2. It’s okay to ask for help
Lately I have felt like I’m drowning. I’ve been stretched so thin trying to do everything and I realized that I literally was wearing myself down. I’ve had to ask friends to pick up my kids from school or to watch one child so I could take another to a doctor’s appointment. My family has stepped up big time to help take care of my kids when my husband and I had an opportunity to get away for the first time in almost 9 years.
Recently, my depression has reared it’s ugly head and I’ve felt not only emotionally drained but physically as well. It’s been a fight to get out of bed and take care of myself, let alone my children. On those days it’s really easy to feel that I suck but really it’s that I’m overwhelmed.
Know that you don’t have to do it all! Ask for help- from family, from friends, or from neighbors. If you need to, hire a baby sitter or order your groceries. Saving your sanity and emotional bank to care for yourself and the roller coaster task of raising children is so important! Just ask!
3. It’s okay to say no
Along with number two, sometimes you just need to say no. I often feel like I’m letting everyone down if I don’t volunteer for everything whether it’s a family event, a church activity, or for the PTA. I have multiple kids, a husband with a crazy schedule, and a blog that I am passionate about! I have a limited amount of extra time available to give to only a few extra things each day. In reality, saying no is me acknowledging I have no more time, emotion, or strength to give to anything else. And that’s okay!
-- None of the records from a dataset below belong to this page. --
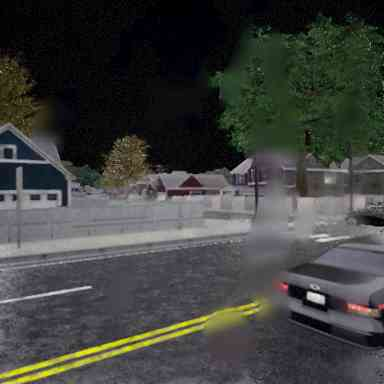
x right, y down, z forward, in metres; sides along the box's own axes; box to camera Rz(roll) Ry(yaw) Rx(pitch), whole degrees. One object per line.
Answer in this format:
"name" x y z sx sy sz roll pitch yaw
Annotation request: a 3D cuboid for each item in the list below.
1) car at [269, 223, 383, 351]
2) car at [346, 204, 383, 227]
"car" 3.784 1.523 6.141 5.357 1.411 2.033 0 0 -36
"car" 11.290 1.467 19.680 2.128 1.511 4.902 0 0 -14
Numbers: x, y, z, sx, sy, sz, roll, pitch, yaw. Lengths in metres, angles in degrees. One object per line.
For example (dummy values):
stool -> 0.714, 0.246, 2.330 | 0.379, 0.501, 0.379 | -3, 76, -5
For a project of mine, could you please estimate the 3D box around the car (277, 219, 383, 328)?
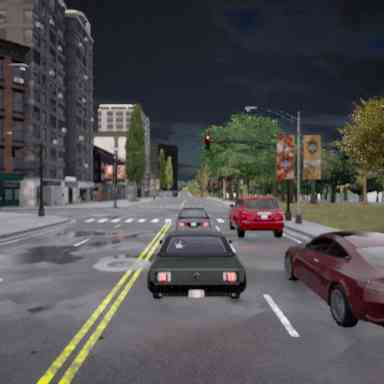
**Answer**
car -> 3.341, 1.529, 6.864 | 1.812, 1.442, 4.674 | 0, 0, 0

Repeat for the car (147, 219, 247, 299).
car -> 0.086, 1.604, 8.396 | 1.895, 1.301, 4.718 | 0, 0, 0

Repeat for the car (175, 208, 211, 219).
car -> 0.071, 1.553, 17.988 | 2.033, 1.411, 5.357 | 0, 0, 0

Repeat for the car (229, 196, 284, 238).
car -> 3.320, 1.228, 17.948 | 2.150, 2.045, 5.566 | 0, 0, 0
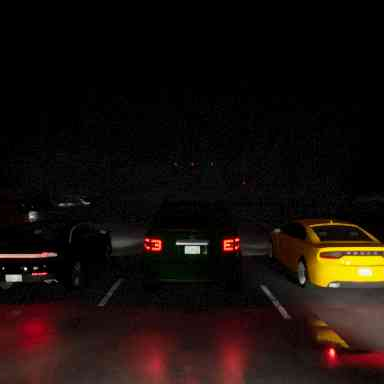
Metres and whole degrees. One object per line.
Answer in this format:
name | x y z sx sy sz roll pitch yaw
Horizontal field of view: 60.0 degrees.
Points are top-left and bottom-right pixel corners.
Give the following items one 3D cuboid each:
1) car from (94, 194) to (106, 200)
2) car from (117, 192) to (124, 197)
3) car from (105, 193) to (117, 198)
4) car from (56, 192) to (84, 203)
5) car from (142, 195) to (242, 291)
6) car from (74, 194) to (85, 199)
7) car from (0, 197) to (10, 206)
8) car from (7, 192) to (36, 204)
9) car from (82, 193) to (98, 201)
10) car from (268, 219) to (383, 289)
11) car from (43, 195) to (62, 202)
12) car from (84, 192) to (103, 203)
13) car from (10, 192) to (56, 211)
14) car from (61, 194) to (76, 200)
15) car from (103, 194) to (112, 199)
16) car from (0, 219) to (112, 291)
car | -22.333 1.188 80.895 1.994 1.385 4.181 0 0 -1
car | -18.877 1.181 82.277 1.994 1.385 4.181 0 0 -1
car | -18.690 1.217 73.272 2.033 1.411 5.357 0 0 -1
car | -22.017 0.971 60.317 2.150 2.045 5.566 0 0 0
car | -0.013 1.212 9.131 2.150 2.045 5.566 0 0 0
car | -29.902 1.144 88.837 1.994 1.385 4.181 0 0 -7
car | -21.672 1.438 37.608 1.994 1.385 4.181 0 0 -1
car | -28.964 0.990 56.765 2.150 2.045 5.566 0 0 -1
car | -22.177 1.036 72.502 2.097 1.767 4.553 0 0 -1
car | 3.475 1.468 9.186 1.882 1.535 5.008 0 0 0
car | -29.127 1.292 69.542 1.895 1.301 4.718 0 0 -1
car | -18.544 1.286 62.139 2.033 1.411 5.357 0 0 -1
car | -18.186 1.092 38.406 2.150 2.045 5.566 0 0 -1
car | -29.289 1.171 78.801 1.812 1.442 4.674 0 0 -1
car | -23.151 1.133 90.909 1.994 1.385 4.181 0 0 -7
car | -3.522 1.483 8.987 2.128 1.511 4.902 0 0 0

4. It’s okay to take shortcuts in the kitchen
I’ve realized over the last several years that there is a huge amount of mom guilt stemming from what we make in the kitchen. There has been a huge push to eat fresh, healthy, and organic for every meal and snack. That’s great and I’m all for making healthier and smarter food choices but no one should feel guilty for the choices they have to make. There is moderation in all things and for some of us that means using prepackaged products to get food on the table. That’s okay and no one should make you feel guilty for that.
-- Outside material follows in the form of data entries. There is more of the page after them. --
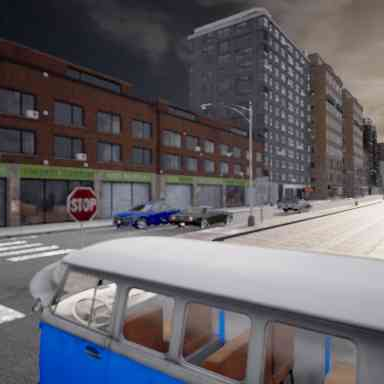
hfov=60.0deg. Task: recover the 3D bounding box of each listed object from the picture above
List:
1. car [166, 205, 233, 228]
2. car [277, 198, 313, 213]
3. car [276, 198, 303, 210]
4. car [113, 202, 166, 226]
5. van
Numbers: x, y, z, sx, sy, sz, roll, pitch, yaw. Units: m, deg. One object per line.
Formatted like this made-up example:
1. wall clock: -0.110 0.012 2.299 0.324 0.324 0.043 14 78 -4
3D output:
1. car: 0.756 1.548 20.868 1.895 1.301 4.718 0 0 36
2. car: 11.380 1.480 35.719 2.033 1.411 5.357 0 0 36
3. car: 12.353 1.459 42.088 1.812 1.442 4.674 0 0 36
4. car: -2.735 1.439 21.066 1.882 1.535 5.008 0 0 36
5. van: 0.463 1.340 2.486 3.998 1.788 1.690 0 0 35
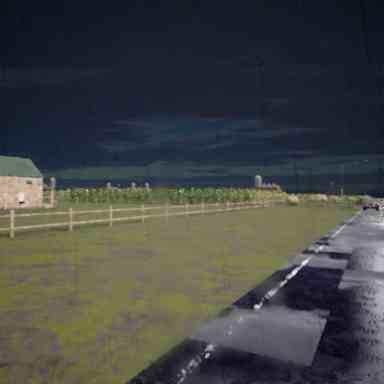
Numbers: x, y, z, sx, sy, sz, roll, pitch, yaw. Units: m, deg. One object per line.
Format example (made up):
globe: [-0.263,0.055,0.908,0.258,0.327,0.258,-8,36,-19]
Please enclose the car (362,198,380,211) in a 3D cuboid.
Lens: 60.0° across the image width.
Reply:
car: [28.254,1.937,52.565,2.150,2.045,5.566,0,-1,29]
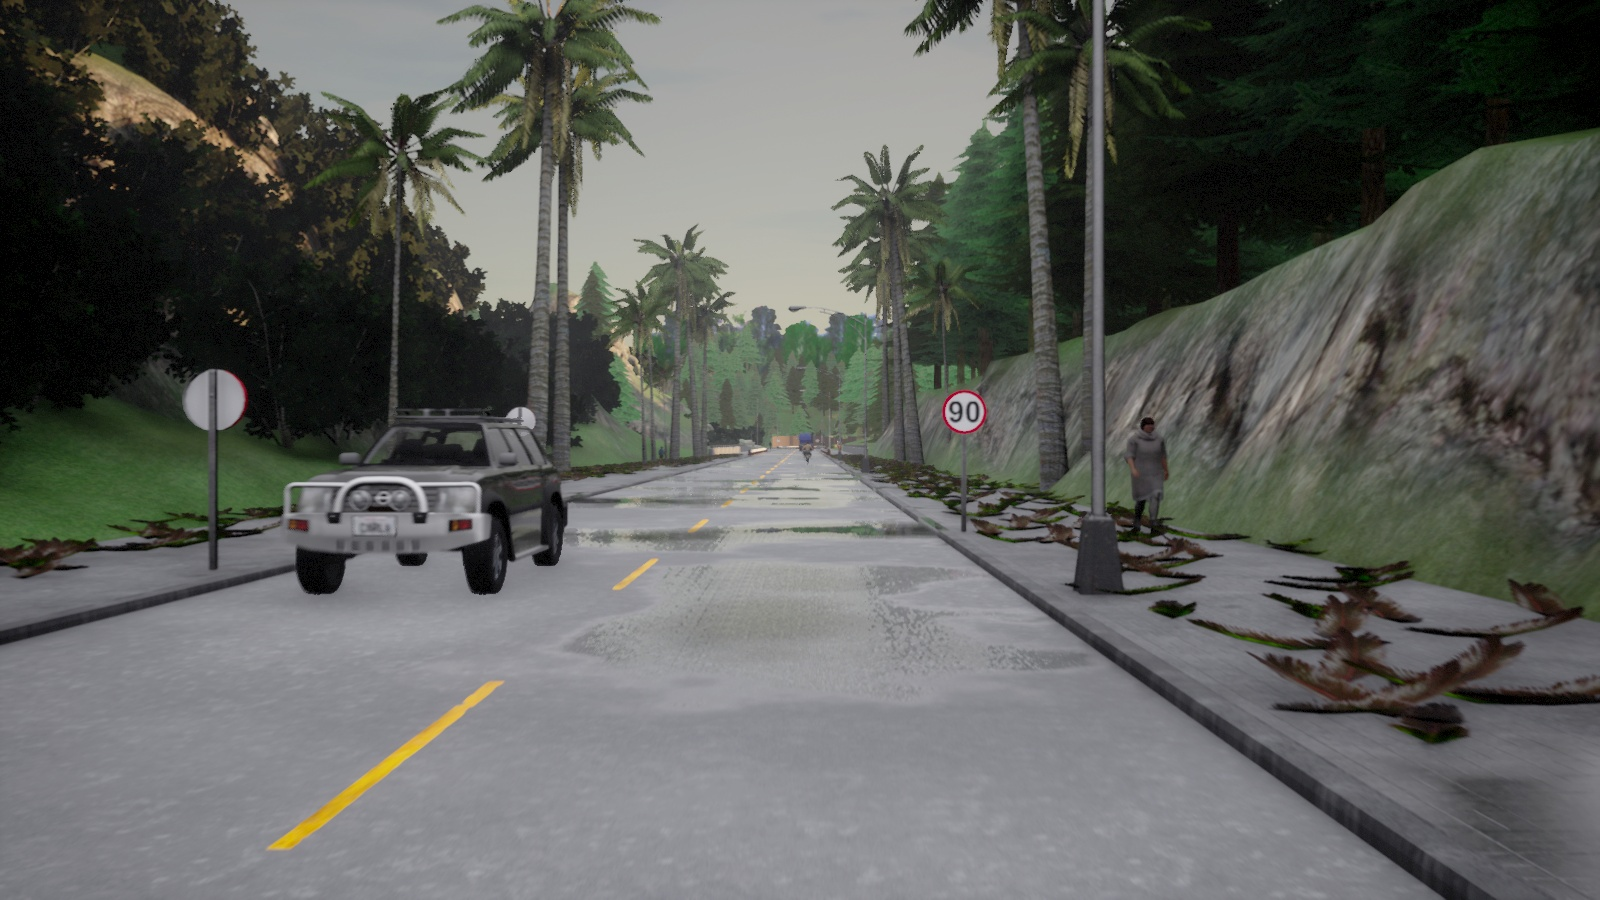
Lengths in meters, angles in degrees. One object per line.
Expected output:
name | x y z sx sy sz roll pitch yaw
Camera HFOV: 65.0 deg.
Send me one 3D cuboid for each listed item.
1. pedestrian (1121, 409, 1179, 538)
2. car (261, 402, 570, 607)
pedestrian | 5.414 0.351 19.454 0.659 1.952 0.873 0 0 0
car | -3.899 0.483 13.670 1.932 1.855 4.605 0 0 0

5. It’s okay to not be supermom
I know there is a lot of conflict over the term “supermom.” Really, I think it’s meant to be a compliment but sometimes it can feel like an accusation. Going back up to number one, every mom has felt overwhelmed at some point and the complete opposite of supermom. Sometimes you may feel like you have it all together and it’s great if you feel like supermom. But when you feel like the Cruella de Mom know it’s okay, the pendulum will swing back the other way and you won’t always feel like supermom’s evil twin.
Really, what I’m trying to get at is that you are doing amazing at one of the hardest jobs in the world. When the mom guilt sky rockets and the emotional bank gets low know that it’s okay. Know that I’m here to tell you that you are one incredible woman!
What words of advice would you give?